17:45 - 19:00
Poster viewing
Room: Galeries and Marie Curie
Establishing the first national home parenteral nutrition program for paediatric patients with intestinal failure
Mila Baycheva 1, Bogdan Mladenov 2, Zdravka Antonova 3, Yanko Pahnev 3, Rayna Shentova 1, Hristo Shivachev 3, Penka Yaneva 1
1 Department of Gastroenterology and Hepatology, University Children’s Hospital “Prof Ivan Mitev”, Medical University, Sofia, Bulgaria
2 Department of Paediatric Anaesthesiology and Intensive Care, Multiprofile Hospital for Active Treatment and Emergency Medicine /MHATEM/ "N. I. Pirogov", Sofia, Bulgaria
3 Department of Paediatric Surgery, Multiprofile Hospital for Active Treatment and Emergency Medicine /MHATEM/ "N. I. Pirogov", Sofia, Bulgaria

Introduction: Intestinal failure (IF) is a complex condition of severe intestinal malabsorption caused by short bowel syndrome (SBS), congenital diseases of enterocyte development, and severe motility disorders (total or subtotal aganglionosis or chronic intestinal pseudo-obstruction syndrome). Children with IF require long-term total or partial parenteral nutrition (PN) to preserve nutritional status and prevent complications. When a child depends on long-term PN, home parenteral nutrition (HPN) is the best alternative to prolonged hospital stay and is recognized as the best option for improving the quality of life of these children and their families. In our country, during many years all paediatric patients with IF were managed individually within the hospital setting of paediatric gastroenterology referral centres.

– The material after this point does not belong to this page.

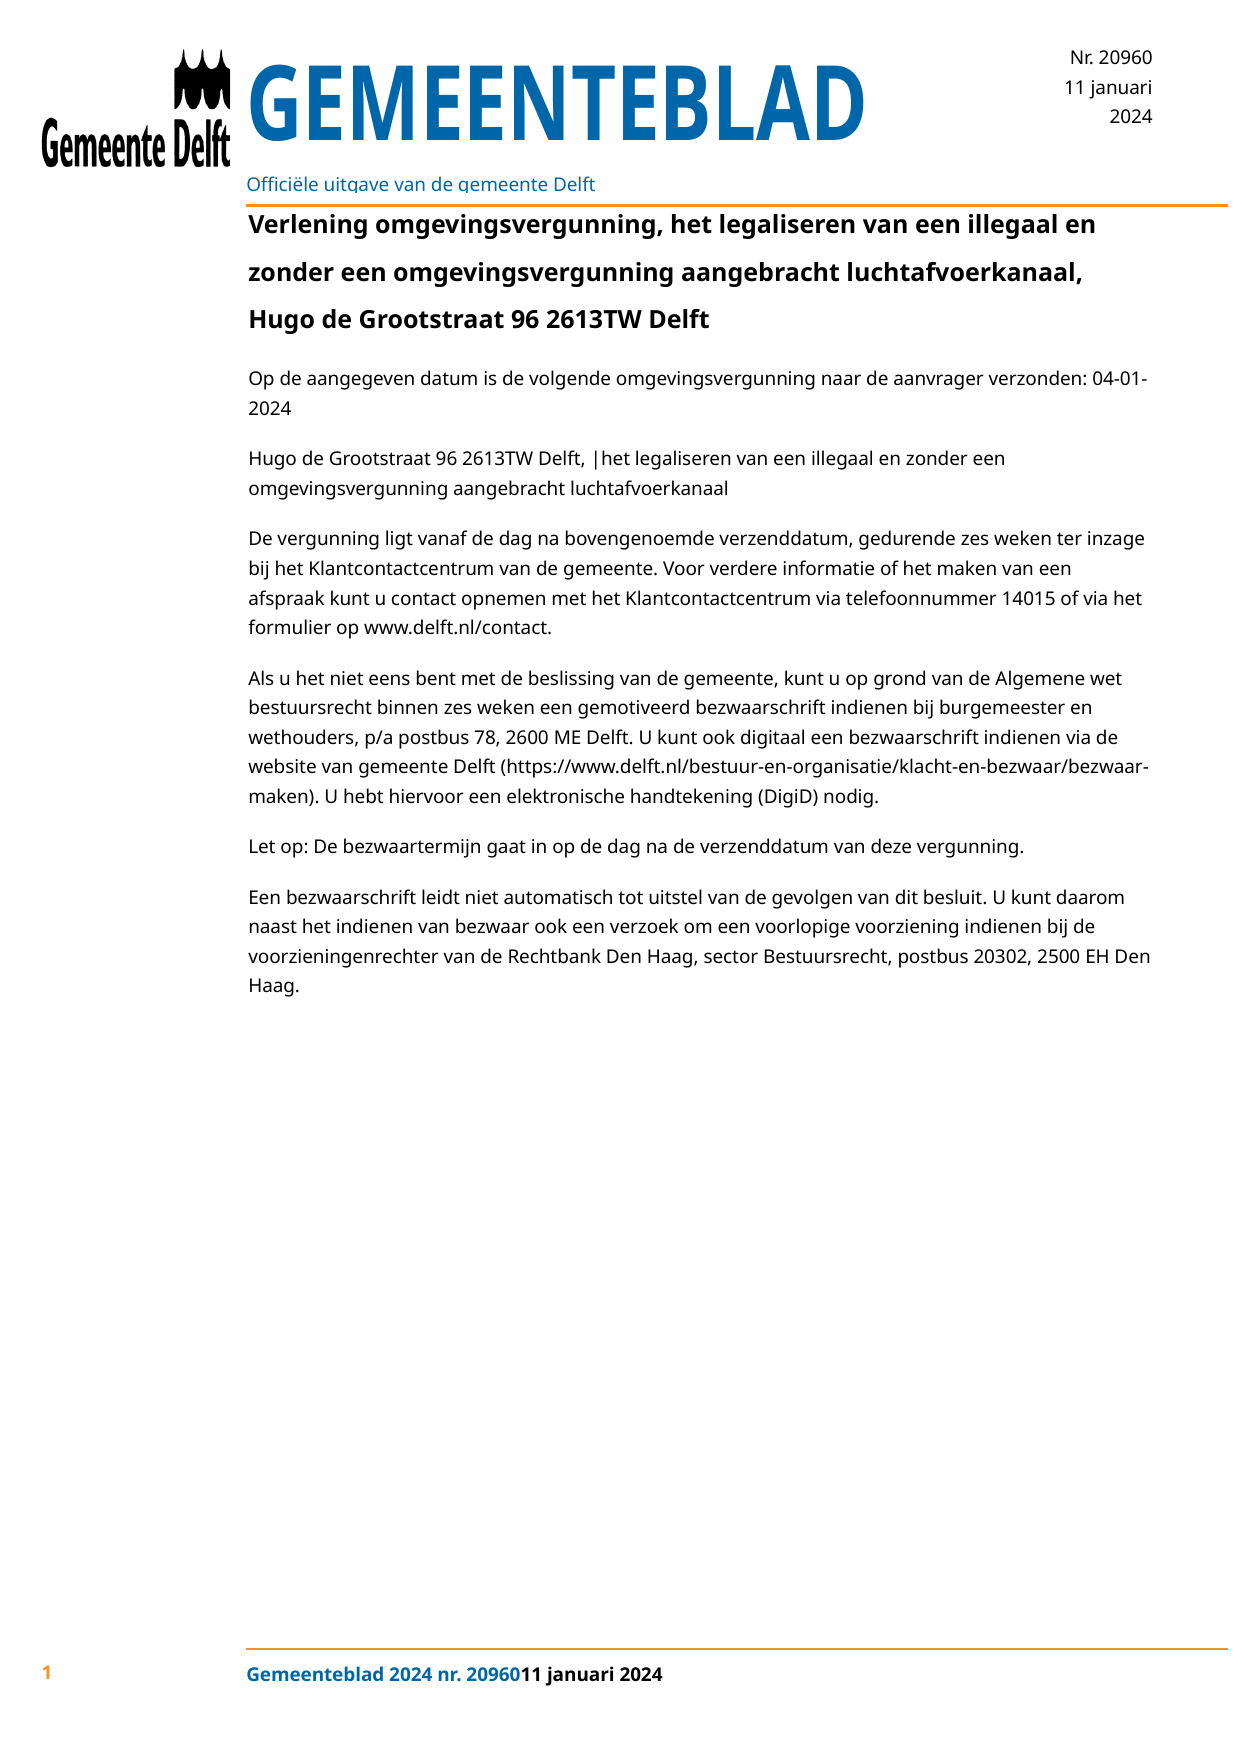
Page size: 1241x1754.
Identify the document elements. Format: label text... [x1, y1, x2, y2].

Methods: We present the process of developing the first national HPN program for paediatric patients with IF, and the current practice of establishing and managing children on HPN.

Results: Five patients were managed on HPN for prolonged period, four of those are currently on HPN. There is a multidisciplinary team involved in the process. With regards to the aetiology, three patients have SBS, one patient has tufting enteropathy and one total aganglionosis with severe dysmotility and postoperative SBS. For administration of HPN we place a tunnelled single lumen central venous catheter (CVC) surgically. We use commercial premixed PN solutions with individual adjustments. The regime, monitoring and prevention of complications follow the European HPN guidelines.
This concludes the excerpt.